Artificial Intelligence for CRISPR Guide RNA Design: Explainable Models and Off-Target Safety

Abbaszadeh, Alireza, Shahlai, Armita

arXiv.org Artificial Intelligence 

The CRISPR-Cas genome editing system has rapidly become an indispensable tool across biotechnology and medicine, enabling targeted DNA modifications with unprecedented ease. A single-guide RNA (sgRNA, or simply gRNA) directs the Cas nuclease (such as Cas9 or Cas12a) to a complementary genomic sequence, where the nuclease induces a double-strand break or nucleotide modification. The efficiency and specificity of this process are largely dictated by the gRNA sequence and its interactions with both the target DNA and the cellular environment. Designing optimal gRNAs is therefore critical for successful editing outcomes. Early gRNA design relied on empirical rules and modest machine learning models, but these approaches often struggled to capture the complex determinants of gRNA activity and off-target effects.

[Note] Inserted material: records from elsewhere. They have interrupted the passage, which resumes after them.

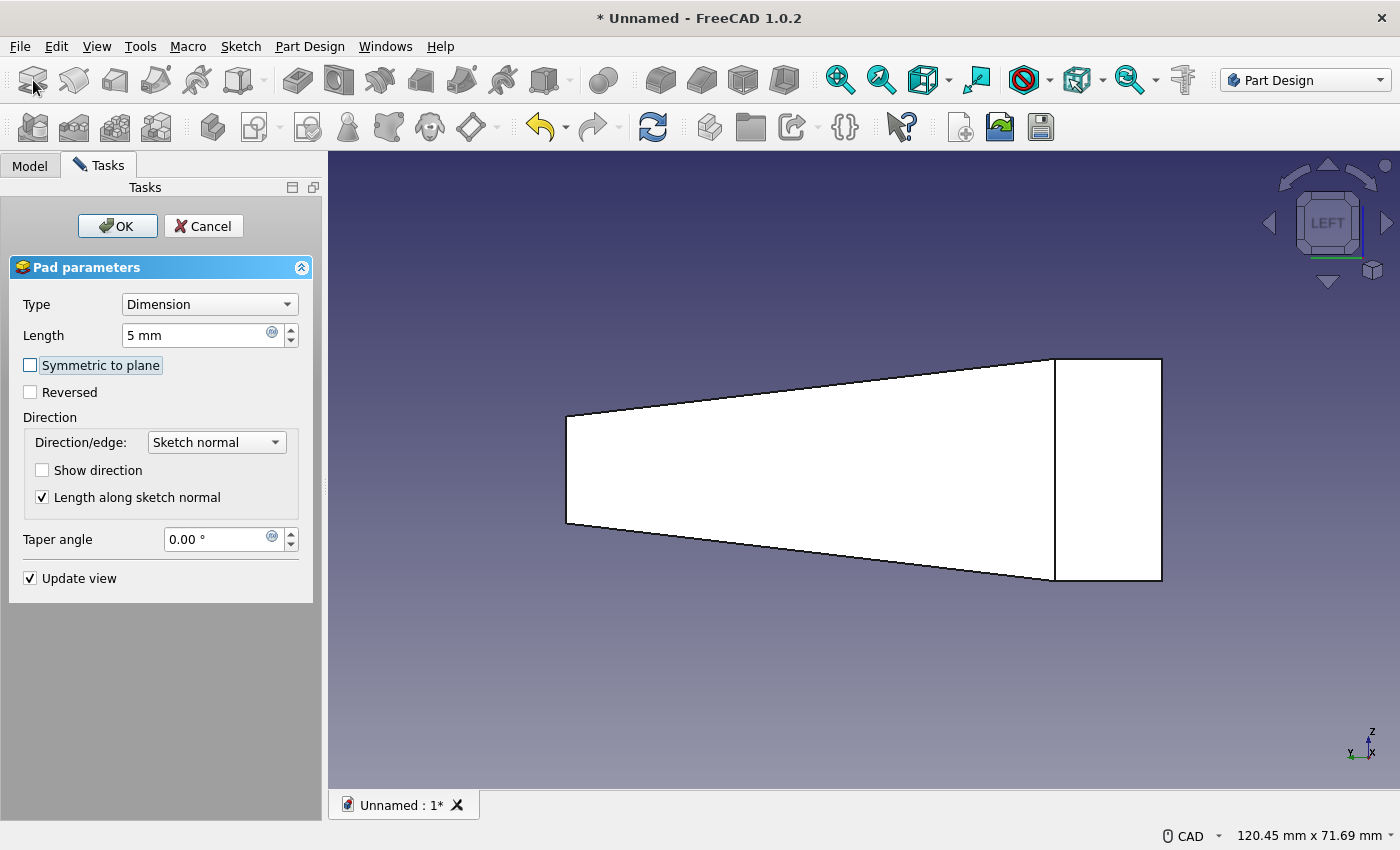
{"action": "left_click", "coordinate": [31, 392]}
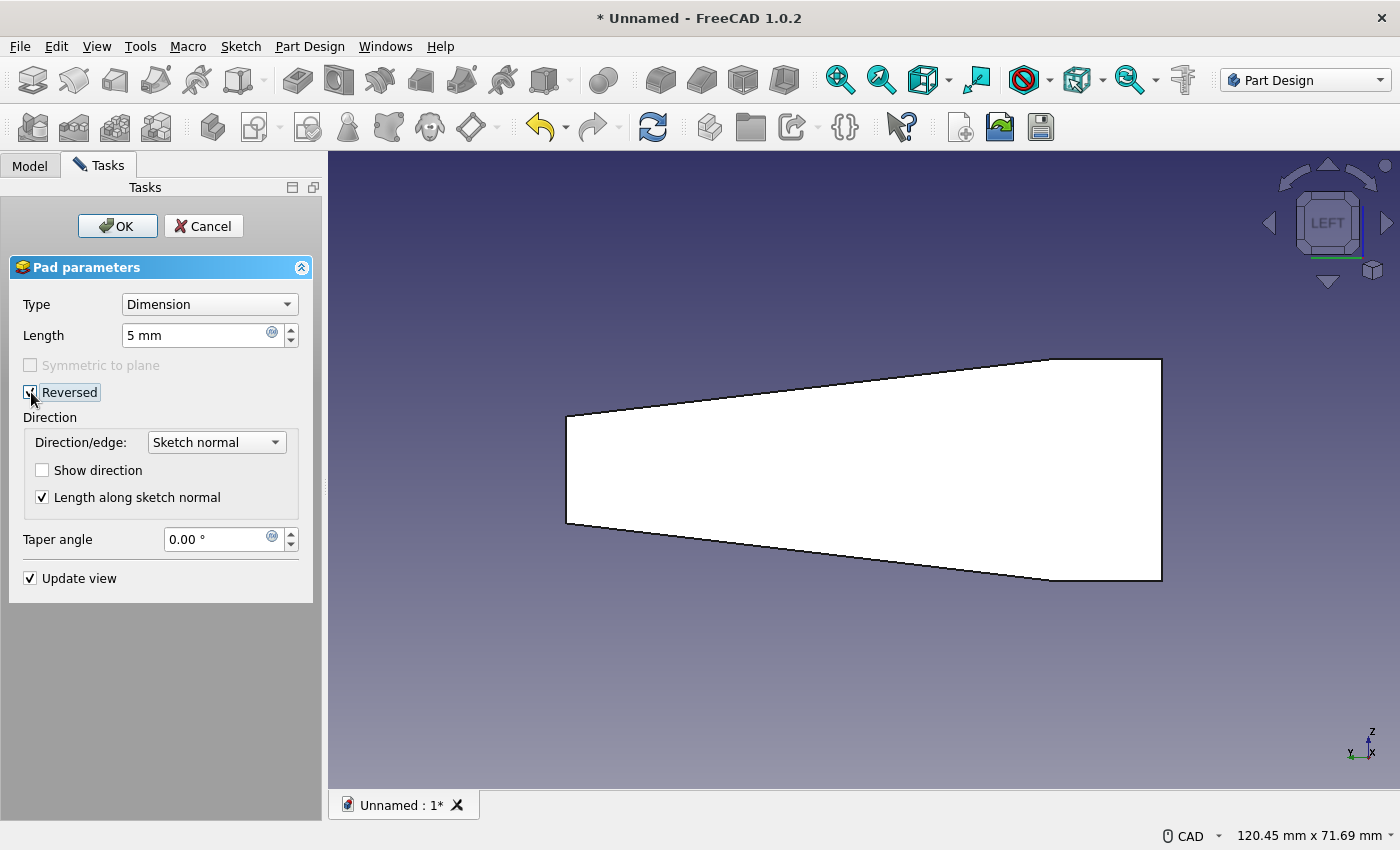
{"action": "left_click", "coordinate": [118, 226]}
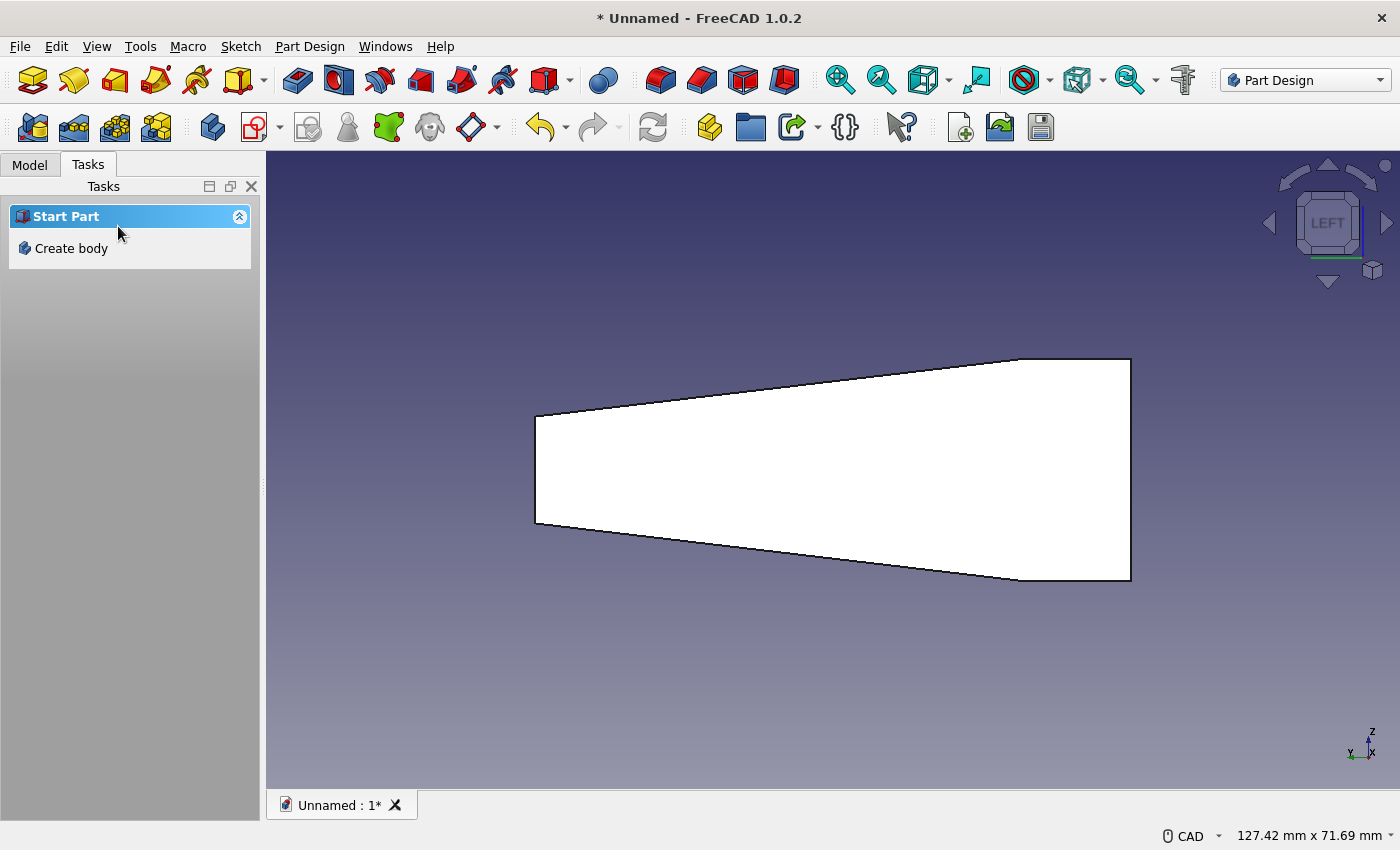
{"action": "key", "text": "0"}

In recent years, artificial intelligence (AI) - particularly deep learning - has been leveraged to overcome these limitations, learning predictive features from large-scale CRISPR datasets and outperforming previous rule-based methods in guide efficacy prediction[1, 2]. Deep learning models can ingest not only the gRNA and target DNA sequences but also additional contextual information (e.g.